Spherion Corporation Lineof Business Executive Management 2006 Variable Pay Plan

EX-10.4 3 a06-2511_1ex10d4.htm MATERIAL CONTRACTS

EXHIBIT 10.4

 

 

Spherion Corporation

Line of Business
Executive Management

2006 Variable Pay Plan

For Plan Year: Fiscal 2006



 

Introduction

The following Variable Pay Plan (the “Plan”) is designed to reward Plan Eligible Associates for achievement of specific goals as well as to provide an incentive to retain talent and encourage future performance with Spherion.  This Plan has been established to align your individual success with that of Spherion and your business unit.

 

Your dedication and commitment to the Company is greatly appreciated.  Thank you for your continued support now and in the future.

 

Effective Date/Plan Year

This Plan is in effect for Fiscal Year 2006 (January 2, 2006 through December 31, 2006) (the “Plan Year”).  This Plan supersedes any prior plans as of the date it becomes effective.
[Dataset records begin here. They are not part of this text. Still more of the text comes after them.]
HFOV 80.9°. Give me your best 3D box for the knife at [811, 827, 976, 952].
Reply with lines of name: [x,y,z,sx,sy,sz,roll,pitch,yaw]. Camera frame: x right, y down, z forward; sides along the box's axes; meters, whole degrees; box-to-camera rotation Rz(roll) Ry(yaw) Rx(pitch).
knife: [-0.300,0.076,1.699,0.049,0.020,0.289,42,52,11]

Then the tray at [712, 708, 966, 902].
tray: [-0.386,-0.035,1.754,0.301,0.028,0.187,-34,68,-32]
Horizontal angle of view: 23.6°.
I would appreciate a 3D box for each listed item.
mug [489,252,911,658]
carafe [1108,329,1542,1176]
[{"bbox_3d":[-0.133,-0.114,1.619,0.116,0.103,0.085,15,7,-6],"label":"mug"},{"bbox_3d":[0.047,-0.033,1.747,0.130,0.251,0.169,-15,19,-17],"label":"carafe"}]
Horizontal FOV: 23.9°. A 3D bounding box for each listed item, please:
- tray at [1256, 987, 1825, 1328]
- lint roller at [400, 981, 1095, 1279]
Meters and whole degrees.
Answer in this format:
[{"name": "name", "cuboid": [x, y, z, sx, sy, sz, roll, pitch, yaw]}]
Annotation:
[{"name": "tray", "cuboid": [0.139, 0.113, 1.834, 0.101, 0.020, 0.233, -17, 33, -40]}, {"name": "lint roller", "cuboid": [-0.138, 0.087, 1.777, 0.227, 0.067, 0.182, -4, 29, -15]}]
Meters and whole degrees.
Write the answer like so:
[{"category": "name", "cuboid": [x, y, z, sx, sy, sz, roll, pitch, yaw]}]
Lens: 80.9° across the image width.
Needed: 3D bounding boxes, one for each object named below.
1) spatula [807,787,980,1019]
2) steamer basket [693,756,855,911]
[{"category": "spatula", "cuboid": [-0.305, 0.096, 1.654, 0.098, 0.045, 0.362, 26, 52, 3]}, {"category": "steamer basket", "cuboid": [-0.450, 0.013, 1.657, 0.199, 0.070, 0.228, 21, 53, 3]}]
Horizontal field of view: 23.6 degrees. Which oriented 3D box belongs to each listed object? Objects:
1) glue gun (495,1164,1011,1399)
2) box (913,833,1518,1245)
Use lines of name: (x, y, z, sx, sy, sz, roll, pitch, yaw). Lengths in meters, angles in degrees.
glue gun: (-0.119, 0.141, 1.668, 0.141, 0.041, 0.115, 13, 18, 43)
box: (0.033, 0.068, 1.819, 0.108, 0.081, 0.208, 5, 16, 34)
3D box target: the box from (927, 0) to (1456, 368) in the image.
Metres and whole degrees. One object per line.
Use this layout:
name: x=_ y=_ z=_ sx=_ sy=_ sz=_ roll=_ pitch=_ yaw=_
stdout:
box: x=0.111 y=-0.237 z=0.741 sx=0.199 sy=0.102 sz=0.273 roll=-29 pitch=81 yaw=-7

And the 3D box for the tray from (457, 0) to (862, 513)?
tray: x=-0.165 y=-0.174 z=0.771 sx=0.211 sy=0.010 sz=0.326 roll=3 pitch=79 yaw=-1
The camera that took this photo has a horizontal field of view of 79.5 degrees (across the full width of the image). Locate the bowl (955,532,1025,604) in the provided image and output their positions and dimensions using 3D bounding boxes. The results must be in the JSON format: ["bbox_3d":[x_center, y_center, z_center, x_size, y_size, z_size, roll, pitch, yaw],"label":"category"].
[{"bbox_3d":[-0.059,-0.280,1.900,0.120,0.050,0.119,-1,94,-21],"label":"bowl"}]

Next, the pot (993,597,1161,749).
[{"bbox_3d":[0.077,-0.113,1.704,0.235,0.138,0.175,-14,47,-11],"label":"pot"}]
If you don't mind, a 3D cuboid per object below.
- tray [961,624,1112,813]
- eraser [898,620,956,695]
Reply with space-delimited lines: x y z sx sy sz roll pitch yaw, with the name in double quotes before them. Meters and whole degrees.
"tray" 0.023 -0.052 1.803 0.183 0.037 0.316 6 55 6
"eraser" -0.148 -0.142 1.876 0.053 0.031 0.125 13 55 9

This Plan may be extended beyond the Plan Year at the sole discretion of Spherion.

 

Eligibility

Eligibility to participate in this Plan is within Spherion’s sole discretion, but in general is based on an Associate’s position.  For purposes of this Plan, the term Plan Eligible Associate means an Associate who Spherion determines is eligible to participate in this Plan.

 

Eligibility begins on the first day of the accounting month after an Associate begins employment as a Plan Eligible Associate and terminates immediately when an Associate’s employment as a Plan Eligible Associate ends.

 

Change of Positions/Leave of Absence/ Other types of Pro-rated Compensation

In order to be eligible for or earn any compensation under this Plan, a Plan Eligible Associate must remain employed by Spherion in some capacity through the last date of the Variable Pay Period.  If the Plan Eligible Associate does not meet this condition, he/she will not earn any compensation under this Plan.  (See the Variable Pay Period/Payment Section below)   If a Plan Eligible Associate meets this condition, but was actively employed as a Plan Eligible Associate for only a part of the Variable Pay Period, his/her compensation under this Plan will be pro-rated based on the number of weeks he/she was actively employed as a Plan Eligible Associate.  Some examples include:

 

1.               New Hires

2.               Leave of Absence - LOA

3.               Change in Work Classification Status (full-time vs. part-time)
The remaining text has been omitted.